Until Waking
Ruth Jenkins
1.
In this night’s forest
I cut away your long dark hair
seal it under the snow.
In grandmother’s stories
the moon was born
of buried pelts and bones,
called from the soil
by the sky’s silence.
2.
When you were five, your mother
held you under the water,
said baptism which meant
to wake your body to a place
beyond hurt.
Some nights
before your father came home
she sealed your doorframe gaps
with cotton and silver duct tape,
turned the lock until morning.
You learnt to disappear
into colour, or rooms folded
onto tiny scraps of paper,
planets later, guessed
by the earth’s spin.
3.
I lived with grandmother in the woods.
Days the moon swam
the length of our ocean.
a silver sleek animal.
I left seeds for it
and broken blue eggshells.
Until waking
to a sky sharp with moon-bones
they called woman.
And a body not mine,
a name not mine
a family that did not notice the change.
4.
On your twenty-first birthday
we left for the forest
with tinned cans of beans,
layers of wool and felt,
a torn map with a hut at the centre
for passing long winters.
You buried your girl clothes,
phone and papers.
The moon shone between leaf gaps.
You held the scissors out like a knife.
5.
The bones tell the whole story, you said.

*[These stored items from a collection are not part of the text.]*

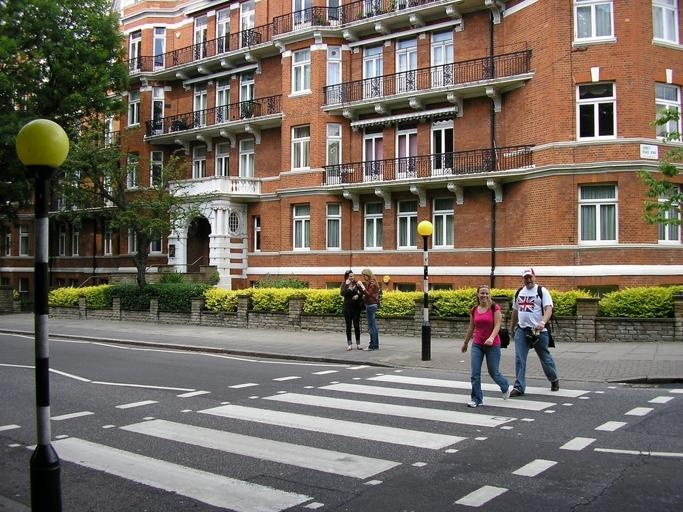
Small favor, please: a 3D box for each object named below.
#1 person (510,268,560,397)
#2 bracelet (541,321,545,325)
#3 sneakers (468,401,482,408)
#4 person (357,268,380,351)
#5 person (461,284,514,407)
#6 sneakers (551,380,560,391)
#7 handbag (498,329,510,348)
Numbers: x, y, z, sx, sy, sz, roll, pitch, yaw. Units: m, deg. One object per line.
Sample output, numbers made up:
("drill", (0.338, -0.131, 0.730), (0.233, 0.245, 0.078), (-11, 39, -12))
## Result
("person", (4.284, 1.650, 17.328), (0.990, 2.766, 1.138), (-1, -2, 17))
("bracelet", (4.337, 1.409, 16.798), (0.054, 0.057, 0.122), (-1, -2, 25))
("sneakers", (2.766, 3.064, 16.184), (0.104, 0.109, 0.263), (-9, -14, 43))
("person", (0.896, 1.570, 23.453), (0.526, 2.411, 0.822), (0, -2, 2))
("person", (3.034, 1.870, 16.518), (0.793, 2.494, 1.042), (-1, -2, 24))
("sneakers", (4.752, 2.892, 17.410), (0.106, 0.211, 0.302), (1, 3, 14))
("handbag", (3.447, 1.705, 16.496), (0.174, 0.395, 0.610), (-1, -2, 17))

If you can only bear to look.
The moon grew tired
of the earth and the sea,
drifted towards the stars,
found no way back.
Other planets have done this.
Now they are bright and strange
and cannot be seen with the eyes.
Ruth Jenkins lives in London and writes speculative poetry and interactive fiction on cities, coding and magic. Ruth’s writing has previously appeared in Strange Horizons, Stone Telling, and Verse Kraken.